Unlike the authors of many boxing biographies, Stradley is not entirely in thrall to his subject. Although the awesome victories over Napoles, Valdes, Benvenuti, et al are eloquently chronicled, he observes that Carlos did not always win rave reviews: “When he’d first won the title, there was praise for his unusual style, the way he waited to strike, as one writer put it, with the patience of a sniper. As time passed, however, there was a tendency to point out his advantages in size, and little else.
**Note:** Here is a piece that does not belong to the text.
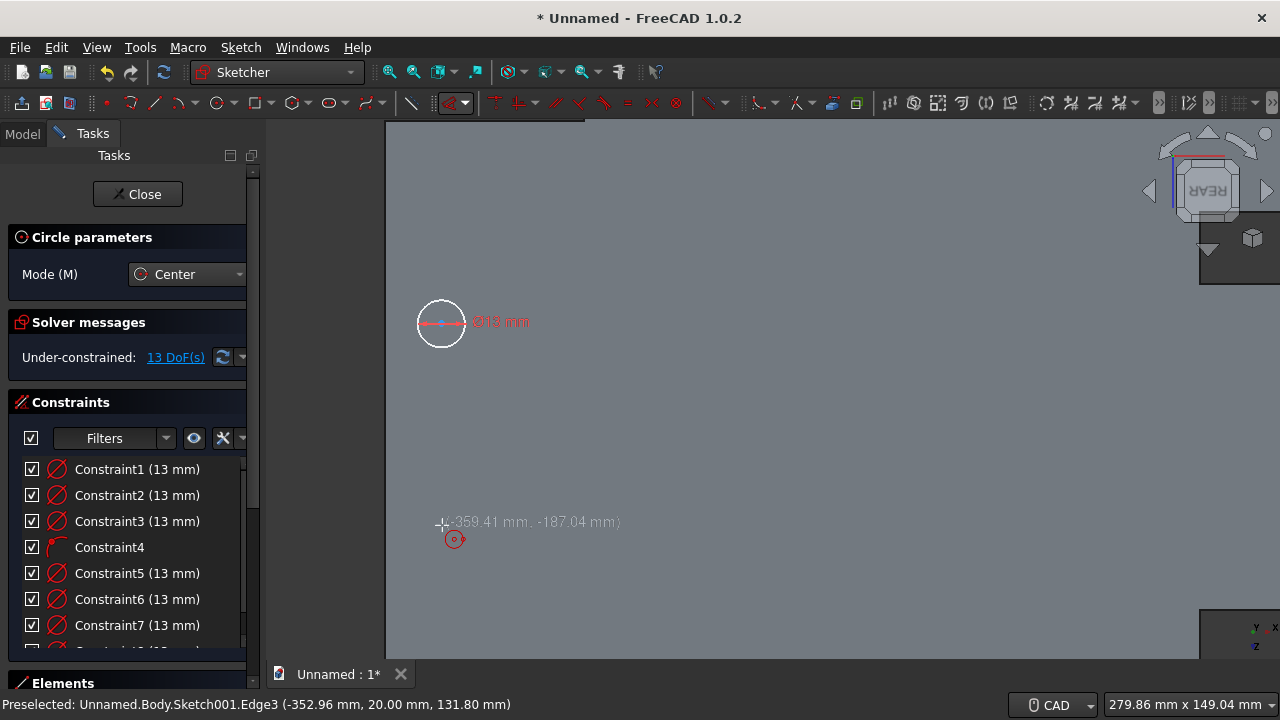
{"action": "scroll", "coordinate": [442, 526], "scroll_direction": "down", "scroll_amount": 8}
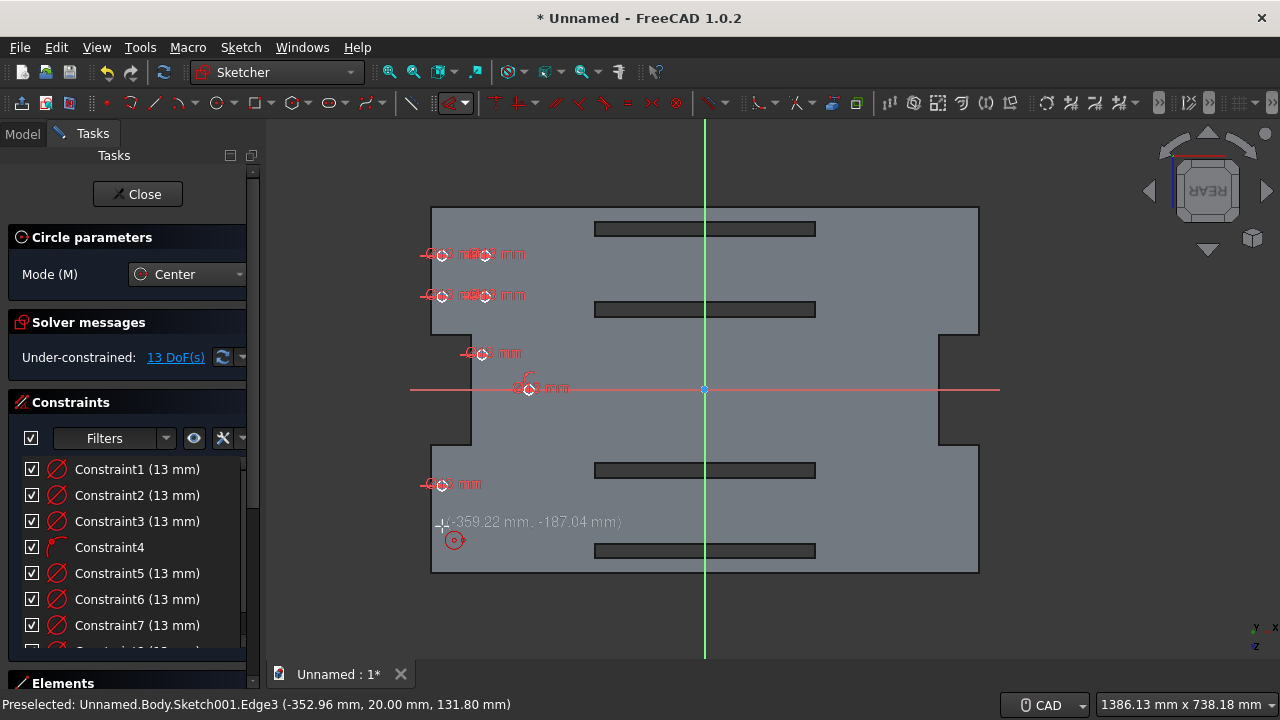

Remarks trickled in from English-speaking commentators during Monzon’s bouts that he was ‘crude but effective’ and ‘awkward but gets the job done.'”

One can sense Stradley’s sneer later in the book when he notes that “Monzon became a better fighter in retirement … The boxer who had often been dismissed as a classless thug was now revered as an all-time great.”

A Fistful Of Murder
Battling fellow great Bennie Briscoe.

Of course, Monzon was an all-time great, of that there can be no doubt. Stradley ultimately agrees, marvelling at the 87-3-9 ledger “Escopeta” compiled despite battling “arthritis, a growing reliance on alcohol, and enough personal problems to give most men an ulcer.”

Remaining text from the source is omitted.